Data section start

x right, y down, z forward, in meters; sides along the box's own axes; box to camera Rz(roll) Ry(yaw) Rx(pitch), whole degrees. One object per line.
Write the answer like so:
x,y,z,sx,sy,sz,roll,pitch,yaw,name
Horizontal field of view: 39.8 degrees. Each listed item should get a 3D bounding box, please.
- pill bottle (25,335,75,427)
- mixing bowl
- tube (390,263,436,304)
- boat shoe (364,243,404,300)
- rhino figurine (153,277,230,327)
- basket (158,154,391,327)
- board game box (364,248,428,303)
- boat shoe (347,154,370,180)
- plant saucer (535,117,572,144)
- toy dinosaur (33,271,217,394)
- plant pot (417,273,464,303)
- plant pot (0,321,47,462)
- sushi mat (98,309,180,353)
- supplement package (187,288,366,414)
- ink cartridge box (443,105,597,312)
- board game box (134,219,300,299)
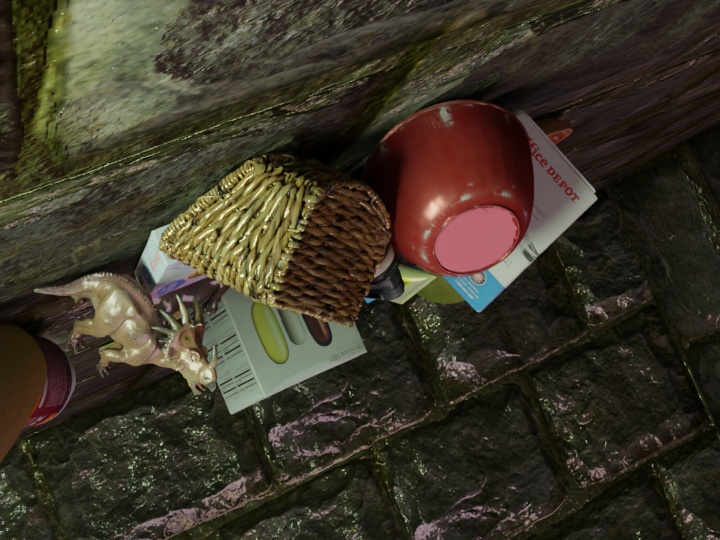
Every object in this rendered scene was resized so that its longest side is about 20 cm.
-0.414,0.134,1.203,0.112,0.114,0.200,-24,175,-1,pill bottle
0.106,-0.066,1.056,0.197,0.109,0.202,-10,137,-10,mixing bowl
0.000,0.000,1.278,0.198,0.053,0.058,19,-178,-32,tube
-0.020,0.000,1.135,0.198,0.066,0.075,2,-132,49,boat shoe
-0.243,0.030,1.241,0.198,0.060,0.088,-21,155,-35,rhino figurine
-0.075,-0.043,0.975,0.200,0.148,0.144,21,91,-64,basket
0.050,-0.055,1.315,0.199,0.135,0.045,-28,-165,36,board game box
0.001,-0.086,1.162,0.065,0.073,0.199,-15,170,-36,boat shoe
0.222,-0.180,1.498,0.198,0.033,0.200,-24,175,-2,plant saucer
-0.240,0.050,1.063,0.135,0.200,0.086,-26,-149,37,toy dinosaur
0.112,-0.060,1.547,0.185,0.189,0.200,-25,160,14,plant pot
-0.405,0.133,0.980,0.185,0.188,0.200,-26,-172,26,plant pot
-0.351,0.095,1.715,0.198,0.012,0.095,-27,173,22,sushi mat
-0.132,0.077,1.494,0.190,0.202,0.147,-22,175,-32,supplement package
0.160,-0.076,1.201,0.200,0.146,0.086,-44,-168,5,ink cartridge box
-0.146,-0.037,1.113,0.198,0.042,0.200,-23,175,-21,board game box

Data section end

> [Assigned task]
Return only the part of the records above that opens with the line containing "- tube (390,263,436,304)" and closes with the line containing "- board game box (134,219,300,299)", ends included.

> [Result below]
- tube (390,263,436,304)
- boat shoe (364,243,404,300)
- rhino figurine (153,277,230,327)
- basket (158,154,391,327)
- board game box (364,248,428,303)
- boat shoe (347,154,370,180)
- plant saucer (535,117,572,144)
- toy dinosaur (33,271,217,394)
- plant pot (417,273,464,303)
- plant pot (0,321,47,462)
- sushi mat (98,309,180,353)
- supplement package (187,288,366,414)
- ink cartridge box (443,105,597,312)
- board game box (134,219,300,299)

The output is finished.